Кстати, такими пустяками, как определение групповой принадлежности крови, найденной на улике, светлые умы советских пинкертонов себя вообще не утруждали. Читатель, наверное, помнит тряпицу со следами крови, найденную в потолочном перекрытии голубятни Василия Кузнецова, – эта тряпка считалась важнейшей уликой, доказывавшей виновность молодого человека в убийстве Герды Грибановой. Товарищи из уголовного розыска носились с нею, как тот дурак с писаной торбой из русской пословицы. Так вот лейтенанту Вершинину в голову не пришло поставить перед областной лабораторией СМЭ задачу определить групповую принадлежность крови на тряпке. Более того, ни в одном из многочисленных постановлений о назначении экспертиз такого рода, что имеются в материалах этого расследования, задача установления группы крови перед судмедэкспертами не ставилась. Вообще! Такое ощущение, что могучие умы советских сыскарей просто-напросто понятия не имели об эритроцитных антигенах и не понимали доказательную значимость их совпадений, хотя медицинская наука уже широко использовала переливание крови, и у любого больного, поступавшего в больницу, определялась её групповая принадлежность и резус-фактор. Определялись они и для выживших жертв Винничевского, что видно из их историй болезни. Кстати, раз уж пришлось вспомнить злосчастную окровавленную марлю из голубятни Василия Кузнецова, то нелишне припомнить и другую связанную с ней деталь. То, сколь упорно Василий Кузнецов доказывал, будто в его доме вообще никогда не имелось марли, наводит на мысль, что тряпицу в его голубятню банально подложили перед обыском. Или во время обыска. Сначала подложили, потом «нашли», вот вам и «улика»!
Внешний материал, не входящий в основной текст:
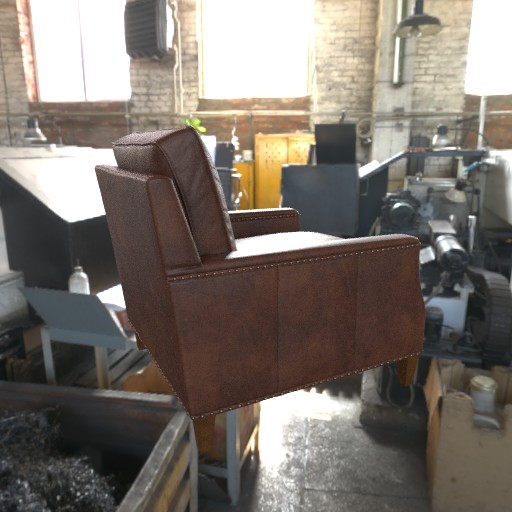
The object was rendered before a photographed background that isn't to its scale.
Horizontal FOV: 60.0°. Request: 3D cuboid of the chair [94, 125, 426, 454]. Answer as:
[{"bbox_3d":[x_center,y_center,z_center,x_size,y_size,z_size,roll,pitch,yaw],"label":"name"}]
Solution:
[{"bbox_3d":[0.000,0.000,1.705,1.014,0.929,0.853,-7,16,-27],"label":"chair"}]
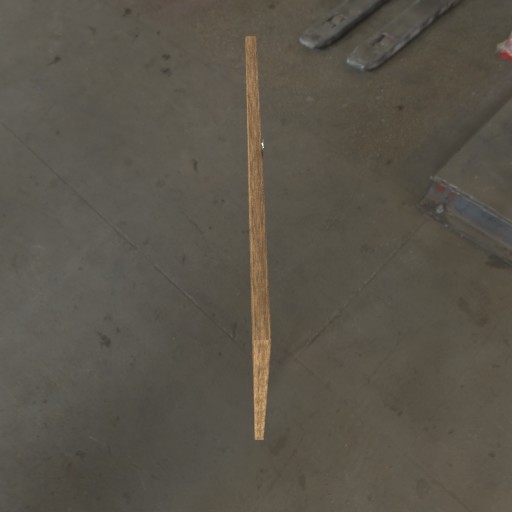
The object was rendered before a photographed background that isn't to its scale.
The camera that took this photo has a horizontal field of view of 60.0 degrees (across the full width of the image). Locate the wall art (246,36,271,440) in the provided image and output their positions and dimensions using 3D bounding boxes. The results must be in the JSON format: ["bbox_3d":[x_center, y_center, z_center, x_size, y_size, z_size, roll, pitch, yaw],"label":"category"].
[{"bbox_3d":[0.000,0.000,0.851,0.021,0.576,0.561,-1,58,-1],"label":"wall art"}]
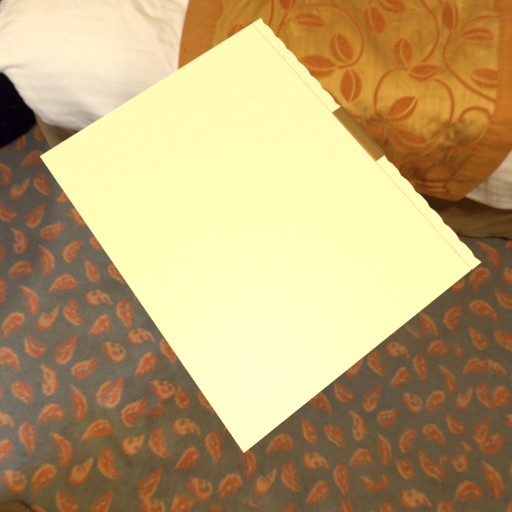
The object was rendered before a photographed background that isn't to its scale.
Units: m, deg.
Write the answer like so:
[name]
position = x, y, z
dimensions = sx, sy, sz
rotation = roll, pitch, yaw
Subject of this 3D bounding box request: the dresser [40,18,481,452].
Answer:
[dresser]
position = 0.000, 0.000, 0.904
dimensions = 0.414, 0.568, 0.503
rotation = -36, 78, -9
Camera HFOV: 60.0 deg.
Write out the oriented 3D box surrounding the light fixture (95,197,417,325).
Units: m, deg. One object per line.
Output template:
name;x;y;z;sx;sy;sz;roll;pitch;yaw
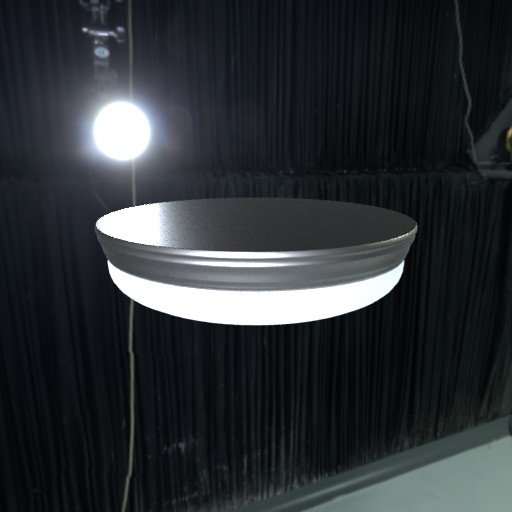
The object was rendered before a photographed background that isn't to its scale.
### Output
light fixture;0.000;0.000;0.547;0.368;0.100;0.368;0;14;0
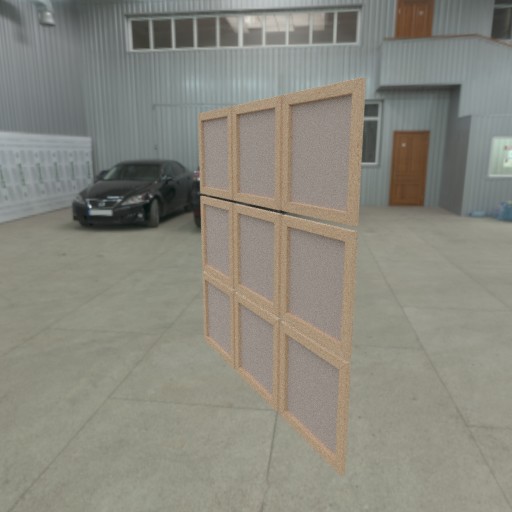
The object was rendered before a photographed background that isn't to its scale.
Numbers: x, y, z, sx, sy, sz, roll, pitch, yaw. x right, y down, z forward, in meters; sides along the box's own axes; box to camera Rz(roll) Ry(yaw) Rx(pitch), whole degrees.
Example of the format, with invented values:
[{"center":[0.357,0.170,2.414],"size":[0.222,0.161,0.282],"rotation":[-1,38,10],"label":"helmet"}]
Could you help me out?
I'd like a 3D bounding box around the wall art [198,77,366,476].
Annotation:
[{"center":[0.000,0.000,1.373],"size":[0.012,0.910,0.917],"rotation":[-7,15,-27],"label":"wall art"}]
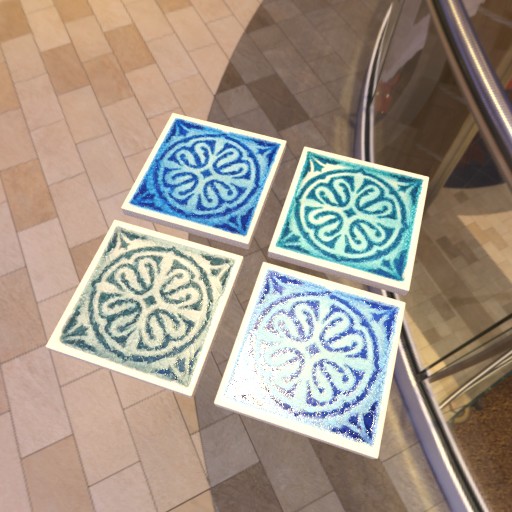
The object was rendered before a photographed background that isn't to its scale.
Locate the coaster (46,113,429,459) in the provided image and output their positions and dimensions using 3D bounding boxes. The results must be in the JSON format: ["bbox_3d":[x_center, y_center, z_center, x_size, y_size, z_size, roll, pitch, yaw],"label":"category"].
[{"bbox_3d":[0.000,0.000,0.323,0.219,0.010,0.214,16,64,8],"label":"coaster"}]
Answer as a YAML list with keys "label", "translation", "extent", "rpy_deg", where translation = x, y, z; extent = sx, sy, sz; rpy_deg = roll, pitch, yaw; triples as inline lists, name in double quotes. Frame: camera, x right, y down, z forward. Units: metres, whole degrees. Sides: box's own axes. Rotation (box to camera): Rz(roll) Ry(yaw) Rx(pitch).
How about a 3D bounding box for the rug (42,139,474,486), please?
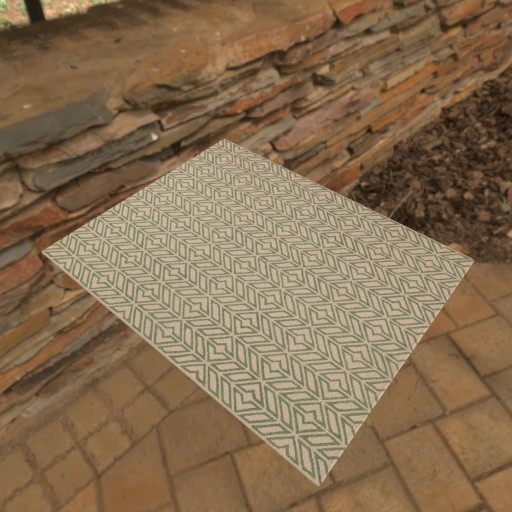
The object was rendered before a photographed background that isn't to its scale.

Старший лейтенант Вершинин шесть суток не передавал вещи Винничевского в лабораторию, и это, повторимся, выглядит очень странно и никак не может быть объяснено чрезмерной загруженностью работой или забывчивостью. Причина явно заключалась в чём-то ином, хотя мы никогда не узнаем доподлинно, что же именно побудило начальника областного угро попридержать упомянутые вещи.
В тот же самый день 31 октября следственные материалы обогатились характеристикой, данной администрацией школы №16, в которой обучался Владимир Винничевский. Это два листика на бумаге в клетку из ученической тетради, исписанные от руки. Документ довольно любопытный, причём с самого первого предложения. Начинается он так: «Характеристика на бывшего ученика VII „б“ класса школы №16 Винничевского Владимира». Как видим, с момента ареста Винничевского минула неделя, и он стал уже «бывшим учеником». В рамках тогдашней идеологической парадигмы, кстати, это выглядит вполне логичным: советская Рабоче-Крестьянская милиция, как известно, никогда не ошибается и невиновных под стражу не заключает, если «взяли» Володю за что-то, значит, виноват, а потому учиться в советской средней школе недостоин. В общем-то, с этим даже и не поспоришь.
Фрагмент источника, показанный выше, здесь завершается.